Count, in the entries, the lines with "below". Answer with the number only.

▶ _RECORDS TO USE_:
=== Section Start ===

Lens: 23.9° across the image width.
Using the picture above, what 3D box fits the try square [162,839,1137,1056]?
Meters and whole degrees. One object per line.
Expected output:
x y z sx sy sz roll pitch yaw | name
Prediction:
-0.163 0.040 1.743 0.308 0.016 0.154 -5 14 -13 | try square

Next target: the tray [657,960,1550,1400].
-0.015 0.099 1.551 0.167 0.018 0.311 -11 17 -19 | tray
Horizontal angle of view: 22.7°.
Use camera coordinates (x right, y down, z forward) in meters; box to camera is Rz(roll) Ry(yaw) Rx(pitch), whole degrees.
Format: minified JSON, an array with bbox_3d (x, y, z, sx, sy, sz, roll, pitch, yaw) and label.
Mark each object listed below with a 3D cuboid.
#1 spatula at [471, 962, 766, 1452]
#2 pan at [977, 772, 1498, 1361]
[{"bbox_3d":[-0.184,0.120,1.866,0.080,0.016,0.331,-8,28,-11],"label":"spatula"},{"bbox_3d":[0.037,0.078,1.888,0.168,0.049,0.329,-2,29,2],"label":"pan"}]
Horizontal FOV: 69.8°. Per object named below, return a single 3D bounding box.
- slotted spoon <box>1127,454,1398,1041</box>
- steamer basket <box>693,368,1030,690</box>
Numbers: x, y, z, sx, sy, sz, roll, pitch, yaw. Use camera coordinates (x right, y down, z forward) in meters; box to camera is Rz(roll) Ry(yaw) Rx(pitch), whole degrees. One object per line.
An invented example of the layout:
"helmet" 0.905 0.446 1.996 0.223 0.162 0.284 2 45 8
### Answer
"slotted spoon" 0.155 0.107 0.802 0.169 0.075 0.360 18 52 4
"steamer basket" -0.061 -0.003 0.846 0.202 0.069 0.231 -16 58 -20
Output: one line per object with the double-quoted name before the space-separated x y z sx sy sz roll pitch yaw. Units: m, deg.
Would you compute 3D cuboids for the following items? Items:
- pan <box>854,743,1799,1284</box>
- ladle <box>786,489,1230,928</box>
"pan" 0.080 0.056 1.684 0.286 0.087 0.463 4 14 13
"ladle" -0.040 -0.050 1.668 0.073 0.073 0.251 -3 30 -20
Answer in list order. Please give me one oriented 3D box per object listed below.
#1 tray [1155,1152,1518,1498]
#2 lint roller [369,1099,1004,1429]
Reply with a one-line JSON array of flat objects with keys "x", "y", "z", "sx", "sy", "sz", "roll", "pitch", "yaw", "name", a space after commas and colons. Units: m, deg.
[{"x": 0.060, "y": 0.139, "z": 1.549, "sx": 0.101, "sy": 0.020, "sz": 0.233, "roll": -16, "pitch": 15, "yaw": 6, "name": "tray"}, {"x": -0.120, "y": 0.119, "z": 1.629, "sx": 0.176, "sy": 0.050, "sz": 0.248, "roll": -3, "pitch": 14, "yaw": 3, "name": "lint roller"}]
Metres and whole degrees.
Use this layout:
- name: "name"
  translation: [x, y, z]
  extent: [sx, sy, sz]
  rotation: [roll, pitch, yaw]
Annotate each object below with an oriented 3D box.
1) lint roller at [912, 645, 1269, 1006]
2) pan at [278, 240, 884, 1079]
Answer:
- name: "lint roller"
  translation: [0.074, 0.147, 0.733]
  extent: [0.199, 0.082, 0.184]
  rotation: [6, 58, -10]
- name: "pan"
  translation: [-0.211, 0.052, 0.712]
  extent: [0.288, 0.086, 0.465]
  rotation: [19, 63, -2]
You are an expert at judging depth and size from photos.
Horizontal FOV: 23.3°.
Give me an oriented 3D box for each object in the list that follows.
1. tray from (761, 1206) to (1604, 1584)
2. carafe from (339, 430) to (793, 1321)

=== Section End ===

▶ _RESPONSE AREA_:
4